How to Improve Your Employee Retention Rate and Reduce Turnover
If you are losing too many of your star employees, you need a new retention plan. Here are five steps you can take to keep people on board longer.
1. Hire the right people.
During job interviews, look for qualities like commitment, diligence, and perseverance. Train your hiring managers to ask candidates why they want to work for you, and only hire people who sound like they’re excited about your company and the work you do. And it never hurts to infuse people analytics into your hiring process.
You should also be sure that new hires understand what they’re signing up for. If the job requires late nights, travel, and weekend work, be sure to let them know upfront. People quit jobs that turn out to be different from their expectations. Speaking of which, a good exit interview can help you flush out the problems. Here is an infographic from our friends at Blink to help you:
2. Pay competitive wages.
Do a little research, and make sure you are paying at least as much as your competitors. Look for good HR Software that offers compensation management and research tools.
3. Provide the best company culture.
A good workplace culture is important to retaining employees. You want your employees to view your company as a comfortable, positive place to work. They should enjoy being around their coworkers, and feel supported with all the training and resources they need to do their job properly.

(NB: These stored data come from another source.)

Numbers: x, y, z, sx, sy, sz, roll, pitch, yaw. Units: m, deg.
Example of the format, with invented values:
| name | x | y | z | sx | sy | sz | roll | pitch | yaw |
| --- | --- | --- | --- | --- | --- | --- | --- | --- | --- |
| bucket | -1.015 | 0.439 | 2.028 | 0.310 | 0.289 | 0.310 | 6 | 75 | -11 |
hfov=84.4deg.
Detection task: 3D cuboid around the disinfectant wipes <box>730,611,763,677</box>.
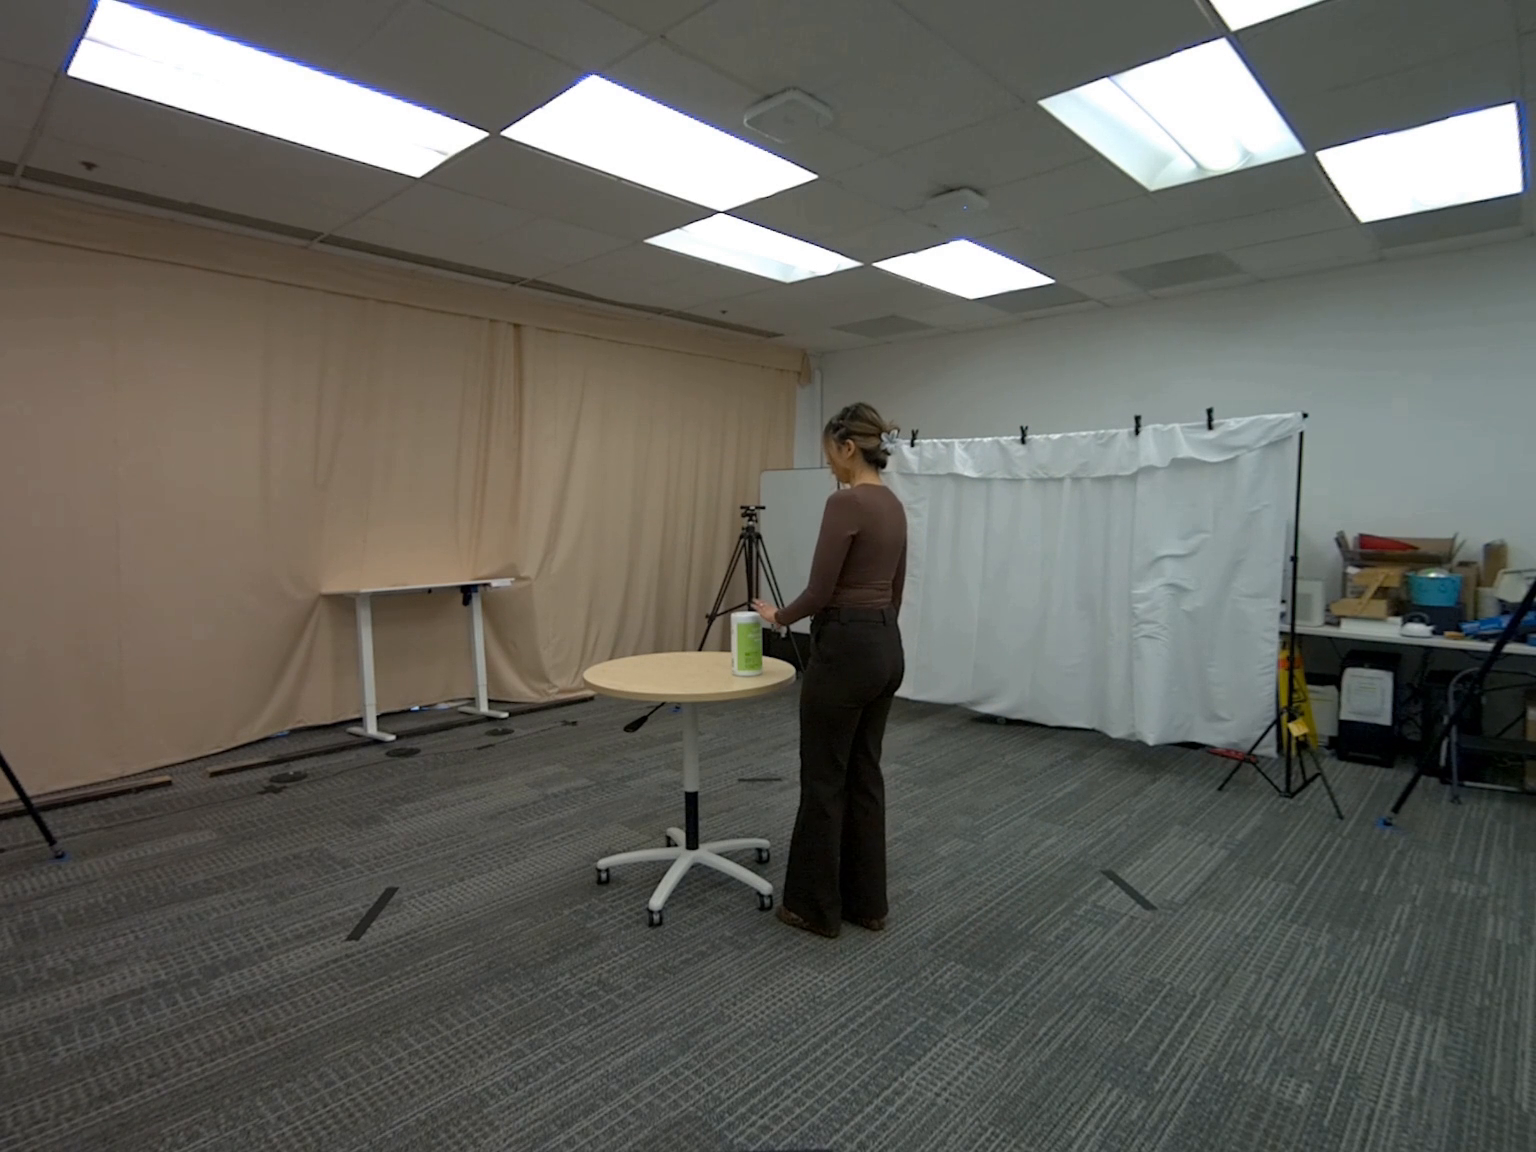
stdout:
| name | x | y | z | sx | sy | sz | roll | pitch | yaw |
| --- | --- | --- | --- | --- | --- | --- | --- | --- | --- |
| disinfectant wipes | -0.072 | 0.239 | 2.975 | 0.118 | 0.217 | 0.118 | 0 | 3 | -2 |

4. Offer praise and recognition for a job well done.
Everyone wants to know when their work is appreciated, and your employees are no different. If you can afford it, you can offer financial incentives. But public praise or even a simple “thank you” will work pretty well too.
5. Help them advance their careers.
One of the primary reasons that people leave their jobs is to advance their careers. If you want to prevent this from happening at your company, there’s a simple solution to that. Give them opportunities to advance!
This is especially important with your top performers. Ask them where they would like to see themselves in a year, two years, and so on. Then help them lay out a plan to get there within your company. When people feel like their boss is invested in their personal futures, they tend to want to stay where they are.
Every employer will have at least some turnover. But your goal should be to have the highest employee retention rate as possible. Follow these guidelines to give your employee retention rates a boost.